Solution 1
Do this:
r = patterns.select{|pattern| content =~ pattern}
Since the string is huge, it is better to implement this method on String
rather then on something else because passing a large argument seems to be slow.
class String
def filter_patterns patterns
patterns.select{|r| self =~ pattern}
end
end
and use it like:
content.filter_patterns(patterns)
Solution 2
it has restrictions that each regex does not include a named/numbered capture.
combined_regex = Regexp.new(patterns.map{|r| "(?=[.\n]*(#{r.source}))?"}.join)
content =~ combined_regex
The following part will have problem if the regex inside patterns
include a named/numbered capture.
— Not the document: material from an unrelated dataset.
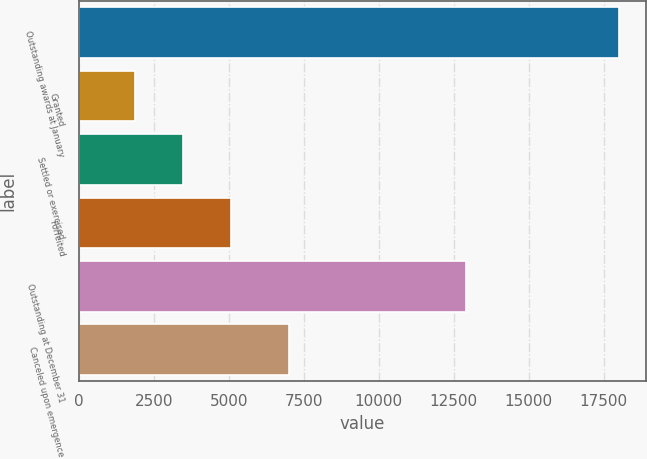Convert chart. <chart><loc_0><loc_0><loc_500><loc_500><bar_chart><fcel>Outstanding awards at January<fcel>Granted<fcel>Settled or exercised<fcel>Forfeited<fcel>Outstanding at December 31<fcel>Canceled upon emergence<nl><fcel>18015<fcel>1864<fcel>3479.1<fcel>5094.2<fcel>12909<fcel>7009<nl></chart> 
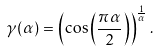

If there is a way to know for each regex how many potential captures there are, then it will solve the problem.
r = patterns.select.with_index{|pattern, i| Regexp.last_match[i]}
Addition
Given:
dogs = {
'saluki' => 'Hounds',
'russian wolfhound' => 'Hounds',
'italian greyhound' => 'Hounds',
..
}
content = "Running in the fields at great speeds, the sleek saluki dog comes from..."
you can do this:
combined_regex =
Regexp.new(dogs.keys.map{|w| "(?=[.\n]*(#{w}))?"}.join, Regexp::IGNORECASE)
content =~ combined_regex
r = patterns.select.with_index{|pattern, i| Regexp.last_match[i]}
"This article talks about #{r.collect{|x| dogs[x]}.to_sentence}."
=> "This article talks about Hounds."
To avoid outputs like This article talks about Hounds, Hounds and Hounds.
, you might want to put uniq
in it.
"This article talks about #{r.uniq.collect{|x| dogs[x]}.to_sentence}."